Peggy Noonan makes a great point about a vulnerable America in 2009, using the juxtaposition between Chesley Sullenberger and Nadya Suleman (not a favorite on these pages):

It's Sully and Suleman, the pilot and "Octomom," the two great stories that are twinned with the era. Sully, the airline captain who saved 155 lives by landing that plane just right—level wings, nose up, tail down, plant that baby, get everyone out, get them counted, and then, at night, wonder what you could have done better. You know the reaction of the people of our country to Chesley B. Sullenberger III: They shake their heads, and tears come to their eyes. He is cool, modest, competent, tough in the good way. He's the only one who doesn't applaud Sully. He was just doing his job.

This is why people are so moved: We're still making Sullys. We're still making those mythic Americans, those steely-eyed rocket men. Like Alan Shepard in the Mercury rocket: "Come on and light this candle."

But Sully, 58, Air Force Academy '73, was shaped and formed by the old America, and educated in an ethos in which a certain style of manhood—of personhood—was held high.

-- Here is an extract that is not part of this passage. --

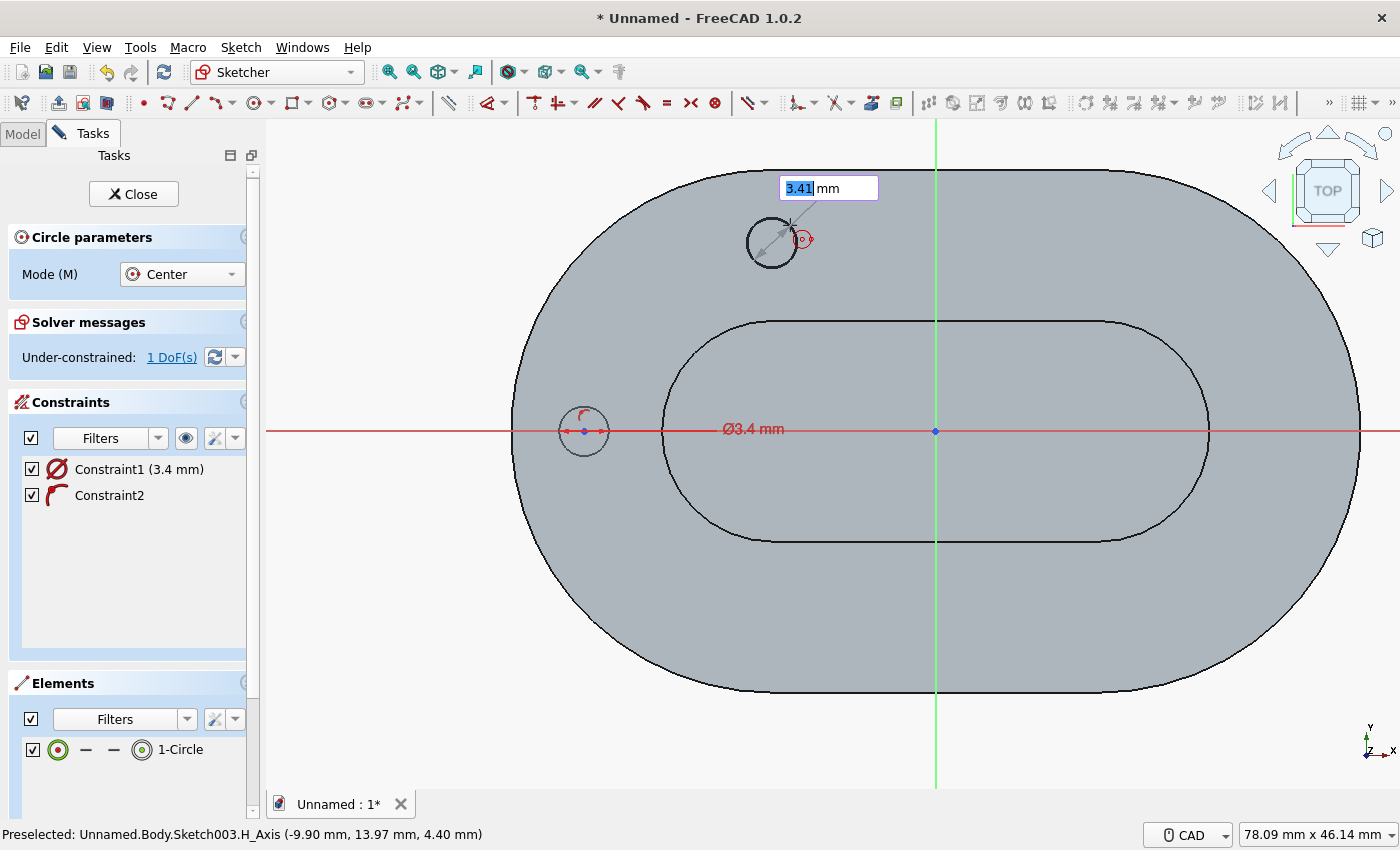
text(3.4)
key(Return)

What we fear we're making more of these days is Nadya Suleman. The dizzy, selfish, self-dramatizing 33-year-old mother who had six small children and then a week ago eight more because, well, she always wanted a big family. "Suley" doubletalks with the best of them, she doubletalks with profound ease. She is like Blago without the charm. She had needs and took proactive steps to meet them, and those who don't approve are limited, which must be sad for them. She leaves anchorwomen slack-jawed: How do you rough up a woman who's still lactating? She seems aware of their
predicament.

Any great nation would worry at closed-up shops and a professional governing class that doesn't have a clue what to do. But a great nation that fears, deep down, that it may be becoming more Suley than Sully—that nation will enter a true depression.

Tables Turned

A couple days ago, Congress brought the CEOs of several Wall Street banks for show trials that Congress so loves to put on - on camera, of course. Caroline Baum of Bloomberg.com imagines if the tables were turned and the CEOs were able to question Reps Barney Frank and Maxine Waters, as well as Franklin Raines. Great thought experiment below:

Just imagine if the tables were reversed. Frank and Waters are seated at the witness table instead of perched on the hearing room dais. The questioning would go something like this:

Chairman Frank, on July 14, 2008, you made the following pronouncements about Fannie Mae and Freddie Mac, the two huge government-sponsored enterprises that are the key players in mortgage finance:

“Fannie and Freddie are fundamentally sound.”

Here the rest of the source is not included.